▶ ACTION ITEM
Range to output from the entries below: the line containing "Offer a terse response. Large." through the line containing "Your response must". Set it down exactly, ends included, nothing else.

▶ INPUT FOR THIS TASK
------
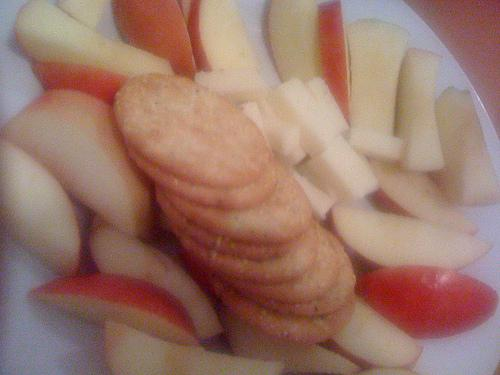Question: what color is the apple slices?
Choices:
A. Green.
B. Yellow.
C. Red and White.
D. Light orange.
Answer with the letter. Answer: C Question: what color are the crackers?
Choices:
A. Tan.
B. White.
C. Red.
D. Blue.
Answer with the letter. Answer: A Question: where was the photo taken?
Choices:
A. The living room.
B. The dining room.
C. Kitchen.
D. The basement.
Answer with the letter. Answer: C Question: when was the photo taken?
Choices:
A. Daytime.
B. In the afternoon.
C. In the evening.
D. Late last night.
Answer with the letter. Answer: A Question: what fruit is in the photo?
Choices:
A. An orange.
B. A pineapple.
C. A banana.
D. Apple.
Answer with the letter. Answer: D Question: what color is the table?
Choices:
A. Brown.
B. Black.
C. White.
D. Green.
Answer with the letter. Answer: A 
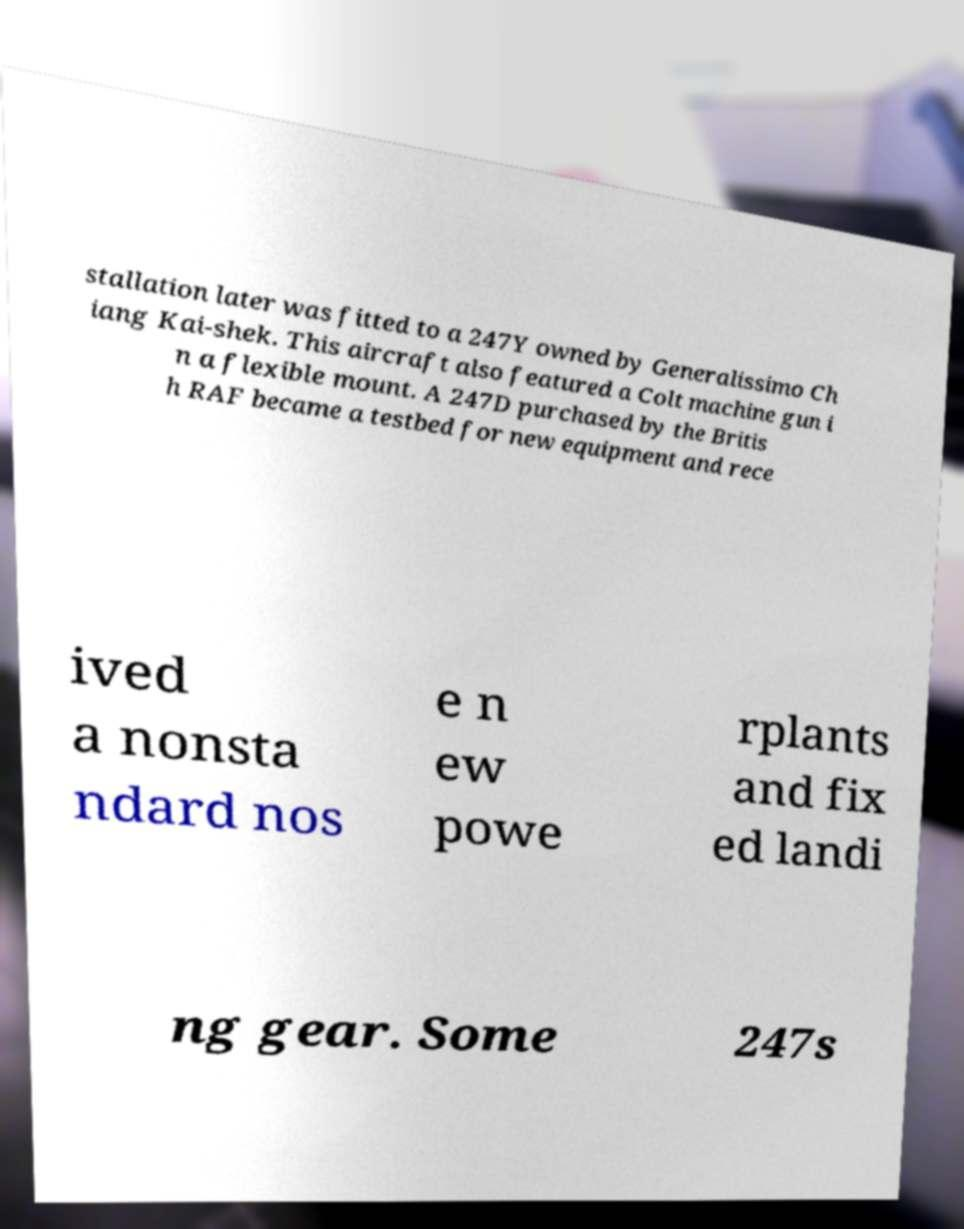Could you assist in decoding the text presented in this image and type it out clearly? stallation later was fitted to a 247Y owned by Generalissimo Ch iang Kai-shek. This aircraft also featured a Colt machine gun i n a flexible mount. A 247D purchased by the Britis h RAF became a testbed for new equipment and rece ived a nonsta ndard nos e n ew powe rplants and fix ed landi ng gear. Some 247s 
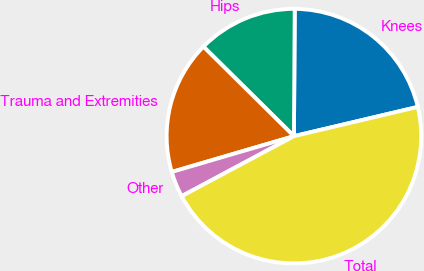Convert chart to OTSL. <chart><loc_0><loc_0><loc_500><loc_500><pie_chart><fcel>Knees<fcel>Hips<fcel>Trauma and Extremities<fcel>Other<fcel>Total<nl><fcel>21.21%<fcel>12.69%<fcel>16.95%<fcel>3.28%<fcel>45.88%<nl></chart> 
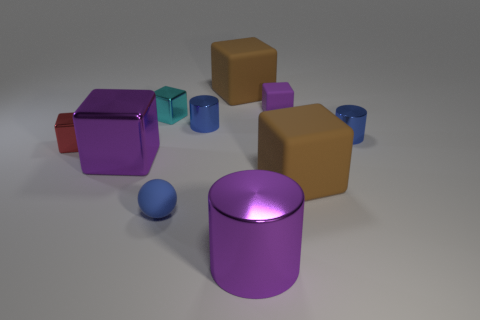Are there any other things that have the same size as the purple rubber object?
Give a very brief answer. Yes. Is the number of big brown objects less than the number of cylinders?
Ensure brevity in your answer.  Yes. Is the size of the shiny cube that is in front of the red metallic cube the same as the purple cylinder to the right of the tiny cyan block?
Offer a terse response. Yes. How many objects are small gray objects or big brown things?
Your answer should be very brief. 2. What size is the purple shiny thing that is behind the tiny blue sphere?
Offer a terse response. Large. How many shiny objects are on the right side of the large brown cube that is on the left side of the purple metal thing that is in front of the rubber ball?
Provide a short and direct response. 2. Is the color of the large shiny block the same as the big metallic cylinder?
Provide a succinct answer. Yes. How many things are both to the right of the tiny purple cube and behind the big purple metallic block?
Your response must be concise. 1. What shape is the tiny rubber object on the left side of the purple rubber object?
Make the answer very short. Sphere. Are there fewer big purple shiny cylinders behind the big purple cube than large purple objects that are to the left of the big cylinder?
Offer a very short reply. Yes. 
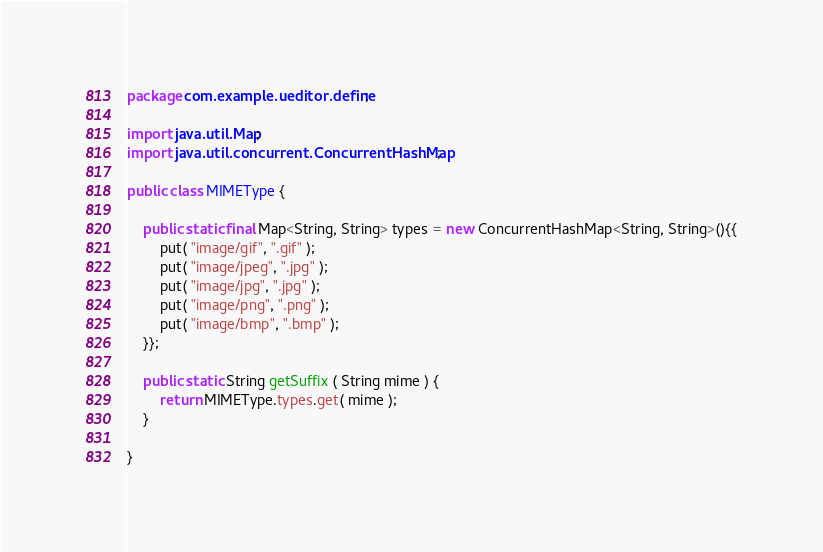Convert code to text. <code><loc_0><loc_0><loc_500><loc_500><_Java_>package com.example.ueditor.define;

import java.util.Map;
import java.util.concurrent.ConcurrentHashMap;

public class MIMEType {

    public static final Map<String, String> types = new ConcurrentHashMap<String, String>(){{
        put( "image/gif", ".gif" );
        put( "image/jpeg", ".jpg" );
        put( "image/jpg", ".jpg" );
        put( "image/png", ".png" );
        put( "image/bmp", ".bmp" );
    }};

    public static String getSuffix ( String mime ) {
        return MIMEType.types.get( mime );
    }

}
</code> 
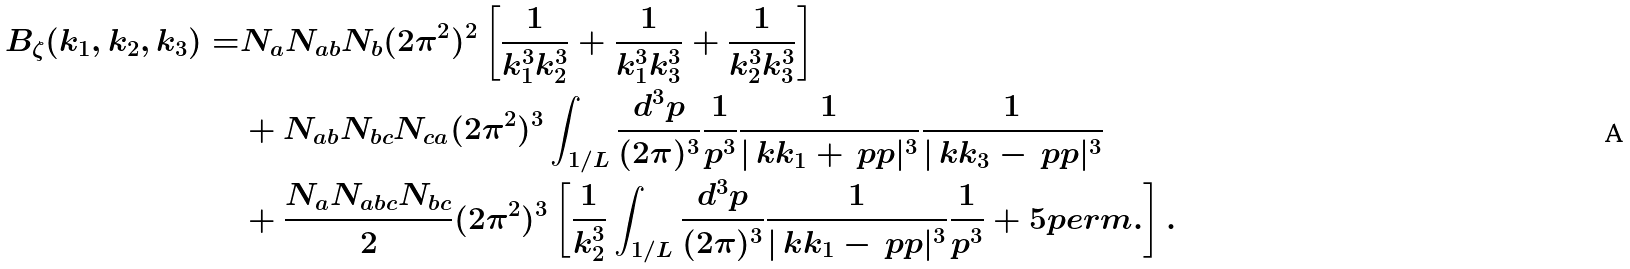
------
▶ RESPONSE BOX
Offer a terse response. Large. How many shiny objects are on the right side of the large brown cube that is on the left side of the purple metal thing that is in front of the rubber ball?
Provide a short and direct response. 2. Is the color of the large shiny block the same as the big metallic cylinder?
Provide a succinct answer. Yes. How many things are both to the right of the tiny purple cube and behind the big purple metallic block?
Your response must be concise. 1. What shape is the tiny rubber object on the left side of the purple rubber object?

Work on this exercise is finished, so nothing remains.